Fixes to pre-existing code

  • Eight Set-Xo* cmdlets (Host, Network, Pif, Pool, Sr, Vdi, Vif, Vm) were hitting PATCH /resource/{id} endpoints that the current XO REST API doesn't expose. Each one now emits a Write-Warning explaining the limitation and keeps its existing signature so nothing breaks for anyone still calling them.
  • Get-XoPoolVm and Get-XoSrVdi — the /pools/{id}/vms and /srs/{id}/vdis GETs don't exist either; both now delegate to Get-XoVm -PoolUuid / Get-XoVdi -SrUuid.
  • Start-XoSchedule — uses the canonical /schedules/{id}/actions/run path (was /schedules/{id}/run).
  • Invoke-XoPoolAction — two bugs fixed. The URI interpolation was treating $Action?sync= as a null-conditional expression and collapsing the action name, and the body was being sent without Content-Type: application/json, so XO couldn't parse it. JSON bodies now go out as UTF-8 bytes with the right header, and the response handler normalises task-href strings, bare task ids, and {id: …} objects back into an XoPowershell.Task so New-XoVm | Wait-XoTask works the way you'd expect.
  • Get-XoEventSubscription was removed — the REST API has no GET variant for subscriptions.
  • Format XML views — the "ID" column label was renamed to the real property name (VmUuid, TaskId, HostUuid, …) in nine format files. Format-Table no longer shows a column labeled ID that you can't actually address by property.

Help quality

  • Every public cmdlet has .SYNOPSIS, .DESCRIPTION (> 40 chars), a .PARAMETER entry per parameter (> 25 chars each), and at least one realistic .EXAMPLE.
  • Sub-collection cmdlets (Get-Xo<Parent><Child>) got new help text with friendlier resource names and a pipeline example.
  • Action cmdlets now describe their side effects (e.g. Disable-XoHost notes existing VMs keep running).
  • Tag cmdlets call out that they only touch a single tag, unlike Set-Xo* which replaces the whole tag list.
  • Body-carrying action cmdlets point at the XO REST docs path for the expected schema.

Testing

  • Unit tests — 124 Pester test cases across 43 files. Every ConvertTo-Xo*Object, ConvertFrom-Xo*, Set-XoObject, Format-XoSize, Invoke-XoRestMethod, and Invoke-XoPoolAction helper has its own spec, with realistic input cribbed from the swagger examples.

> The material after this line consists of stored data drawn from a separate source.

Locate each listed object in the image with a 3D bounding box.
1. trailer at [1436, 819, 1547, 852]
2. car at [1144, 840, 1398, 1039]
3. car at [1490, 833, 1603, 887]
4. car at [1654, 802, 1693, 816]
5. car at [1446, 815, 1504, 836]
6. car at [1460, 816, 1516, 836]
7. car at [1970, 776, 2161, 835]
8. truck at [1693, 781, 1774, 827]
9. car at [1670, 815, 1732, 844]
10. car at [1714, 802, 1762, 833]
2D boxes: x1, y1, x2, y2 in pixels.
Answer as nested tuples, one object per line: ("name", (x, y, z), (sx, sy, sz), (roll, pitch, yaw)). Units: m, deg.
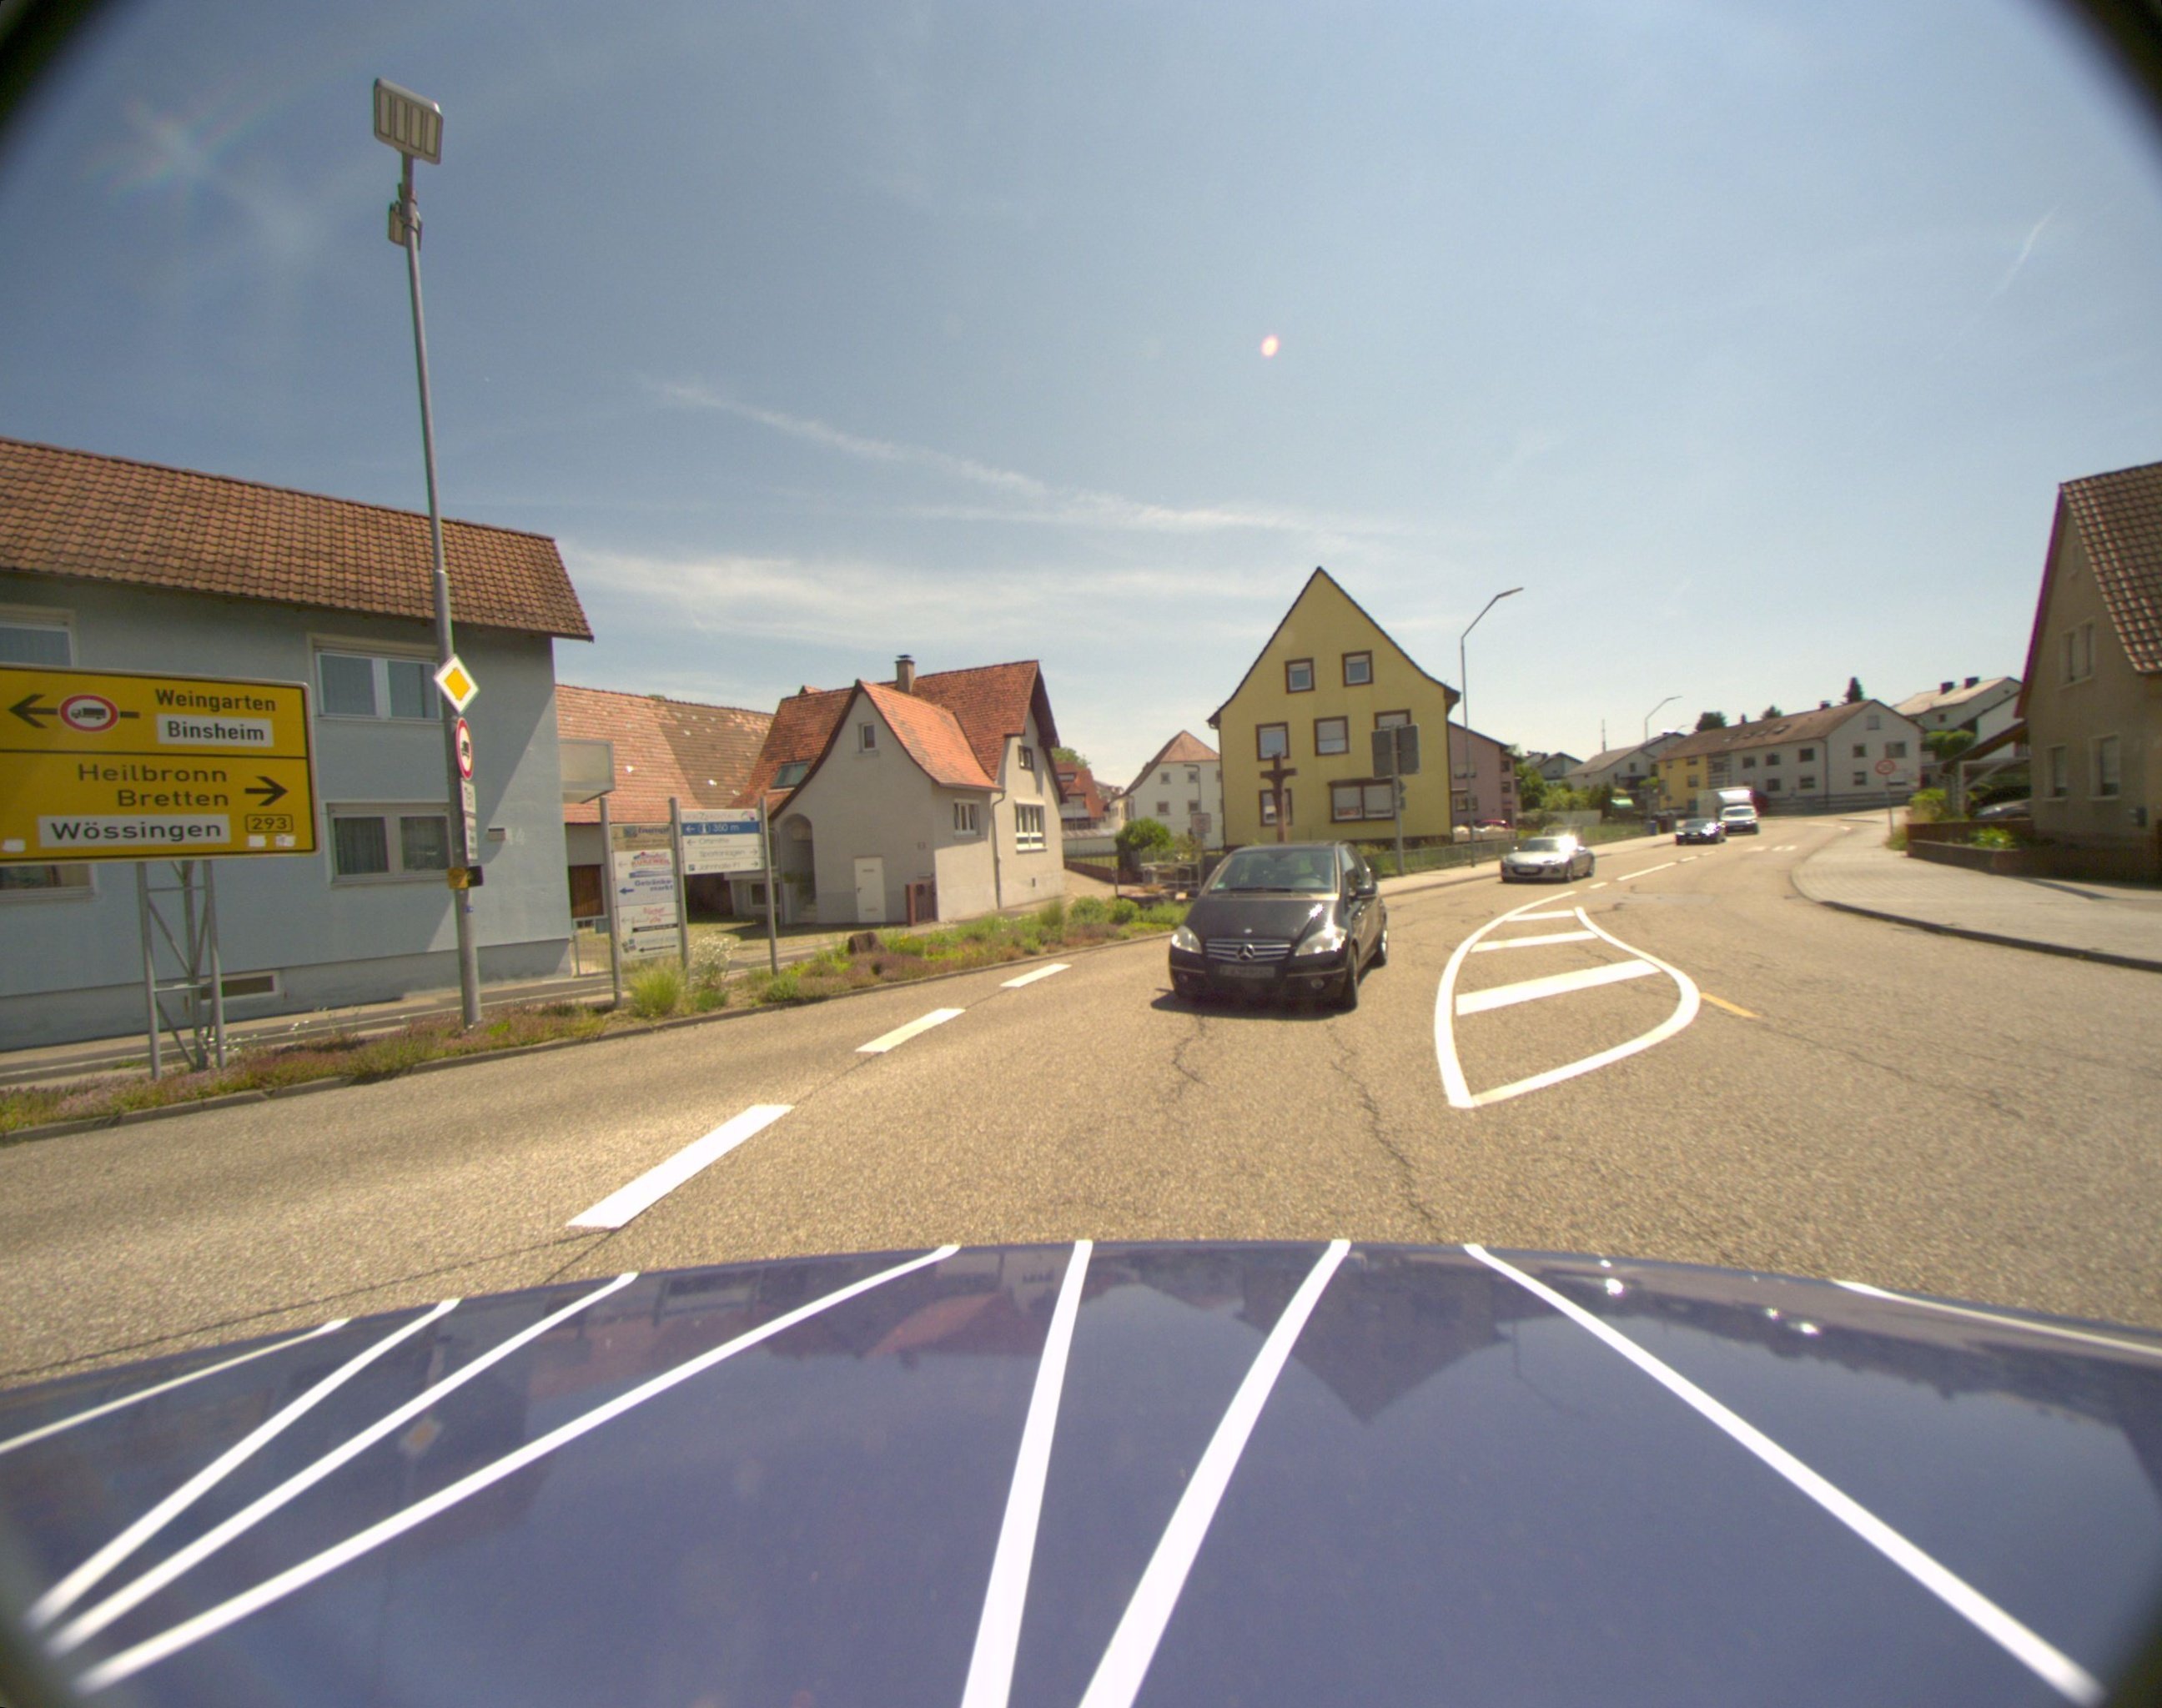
("trailer", (23.698, -1.083, 44.109), (5.353, 1.537, 2.140), (-4, 1, 18))
("car", (2.420, 0.732, 8.685), (1.761, 1.583, 4.204), (-3, 1, 28))
("car", (13.578, 0.111, 22.098), (4.007, 1.307, 1.809), (-4, 4, -43))
("car", (74.312, -5.645, 95.331), (1.734, 1.543, 4.188), (-4, 2, 4))
("car", (33.240, -2.400, 64.182), (4.117, 1.539, 1.853), (-3, 2, 20))
("car", (32.932, -2.295, 61.584), (3.828, 1.478, 1.763), (-1, 2, 24))
("car", (31.852, -1.536, 24.472), (1.868, 1.629, 4.126), (-5, 3, -41))
("truck", (57.505, -4.304, 67.209), (3.198, 3.579, 8.318), (-4, 1, 25))
("car", (33.668, -1.342, 41.248), (4.007, 1.368, 1.893), (-4, 1, -41))
("car", (44.572, -2.493, 51.489), (5.045, 1.897, 1.864), (-4, 1, -43))

Known limitations (documented, not blockers)

  • There's no Set-XoVm / Set-XoHost / etc. until XO brings the PATCH endpoints back; the deprecation warnings are already in place.
  • Get-XoUserAuthenticationToken and New-XoUserAuthenticationToken only work against the authenticated user's own account. Admin-targeted token ops return 403 from XO.
  • The VBD REST endpoint has no DELETE, so we use Disconnect-XoVbd for cleanup, which is consistent with how VBDs get unplugged in XO.